INPUT:

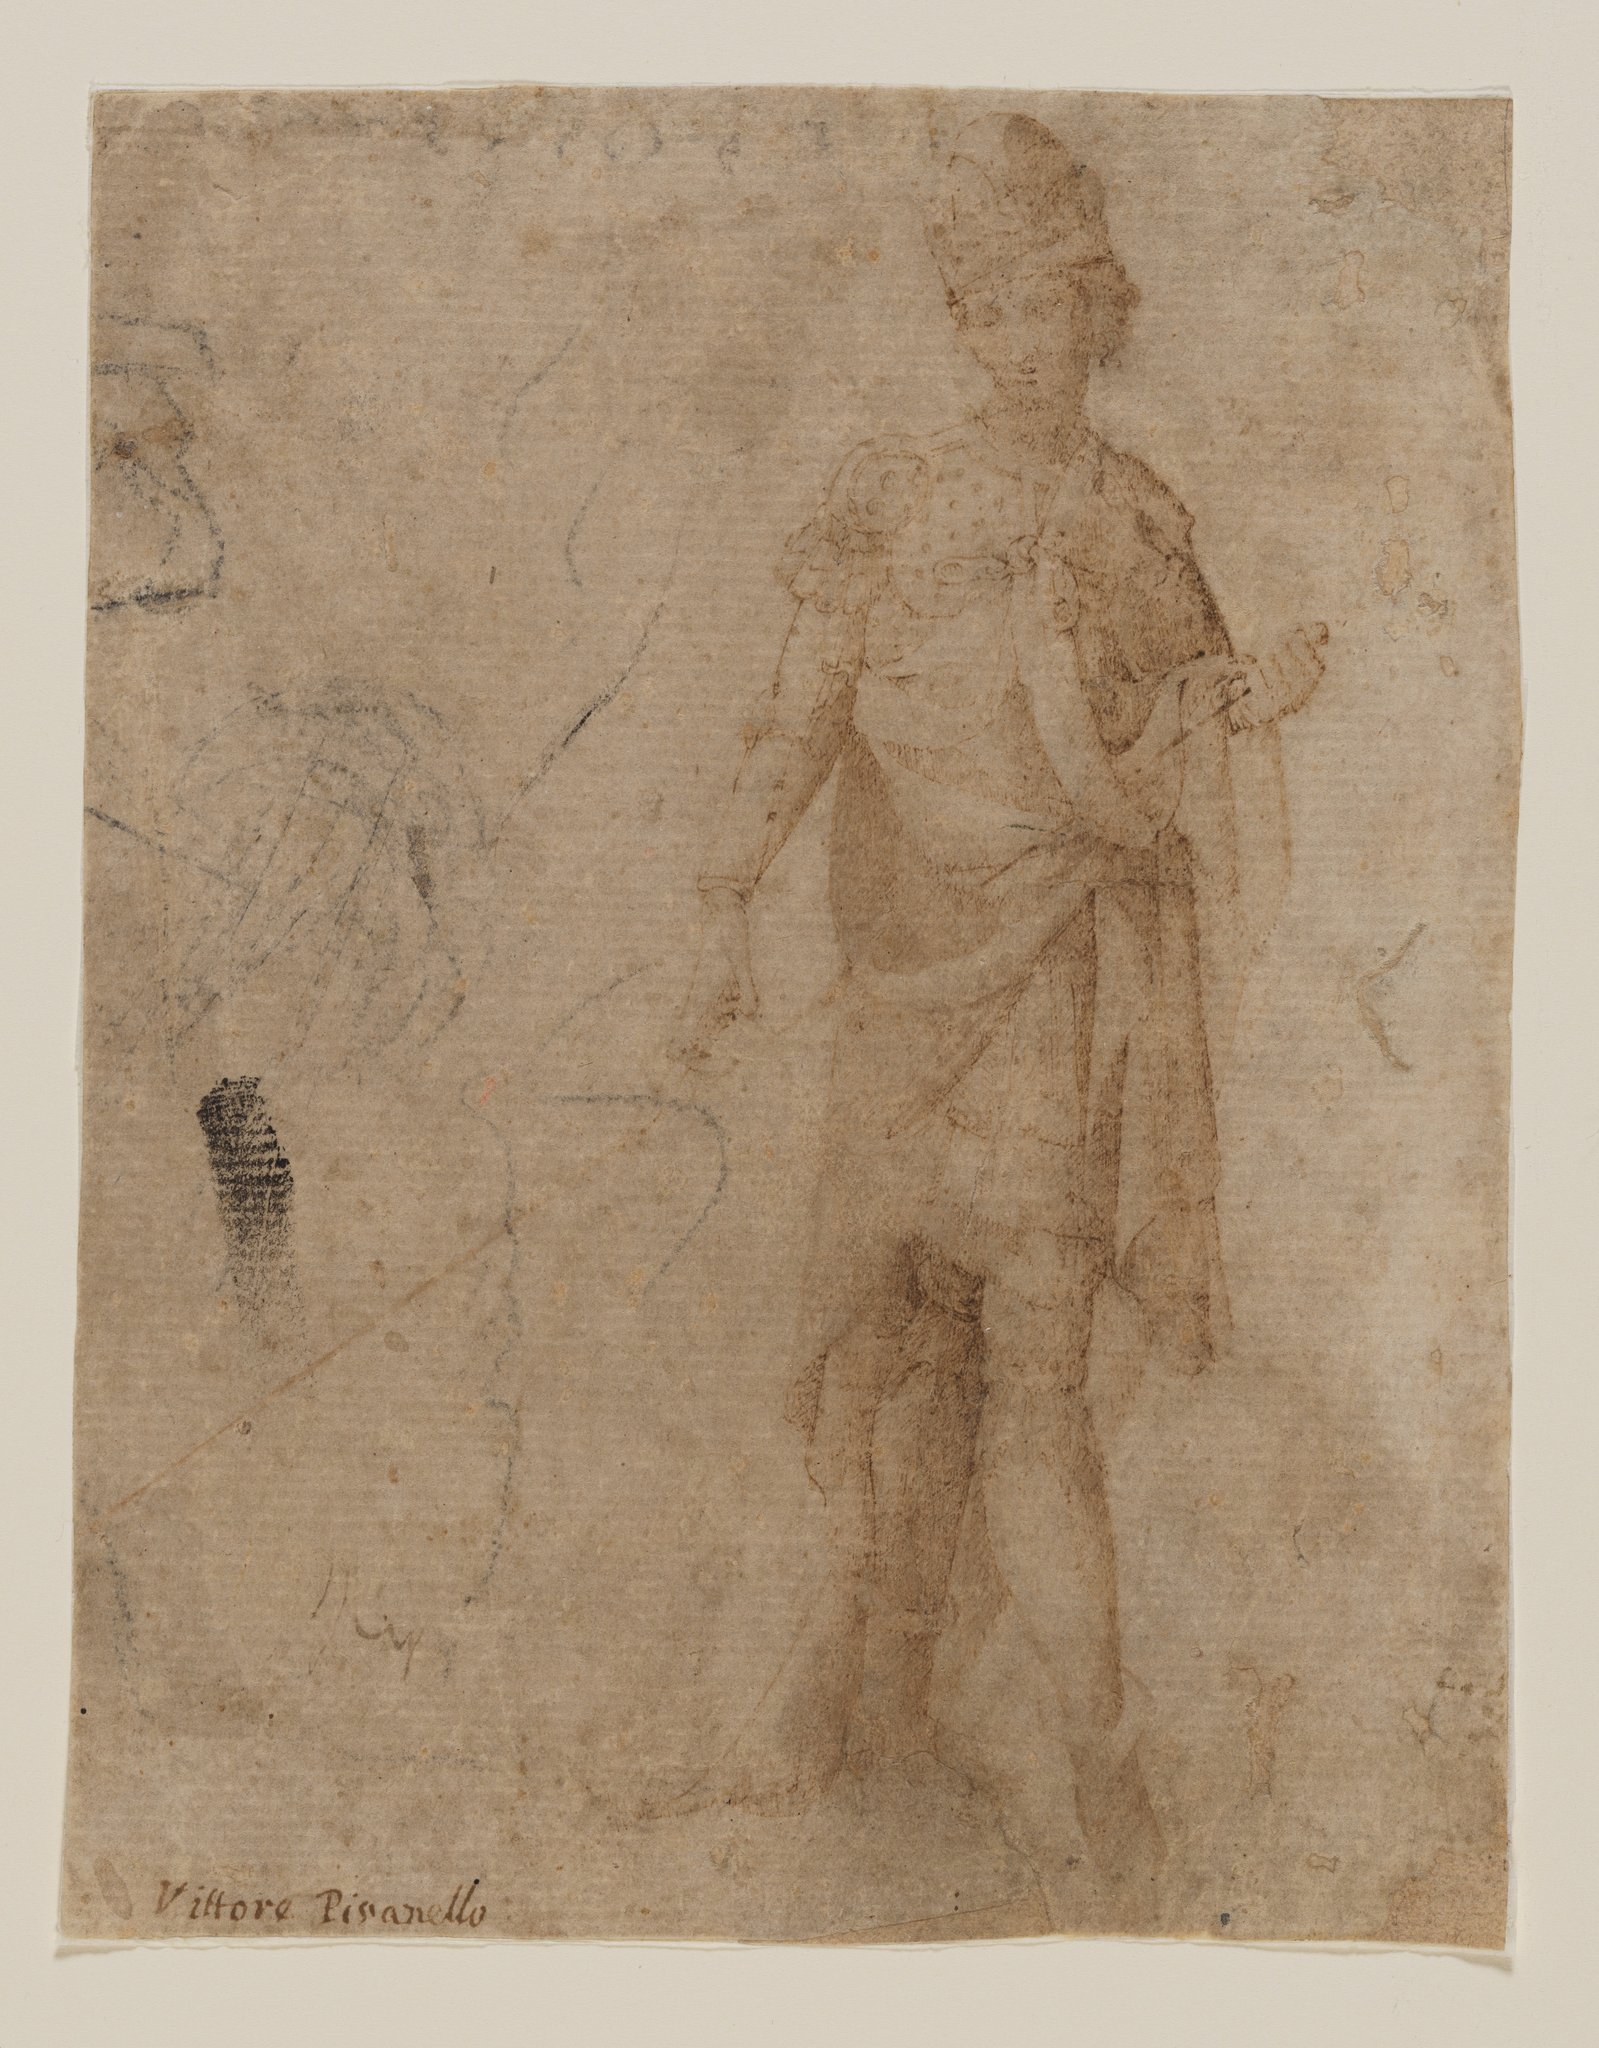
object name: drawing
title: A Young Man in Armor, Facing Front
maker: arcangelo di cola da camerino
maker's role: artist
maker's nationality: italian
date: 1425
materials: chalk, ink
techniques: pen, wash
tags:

TASK TO CARRY OUT: Wherever a line holds the word "maker", copy that line out of the entries above.

OUTPUT FOR THIS EXERCISE:
maker: arcangelo di cola da camerino
maker's role: artist
maker's nationality: italian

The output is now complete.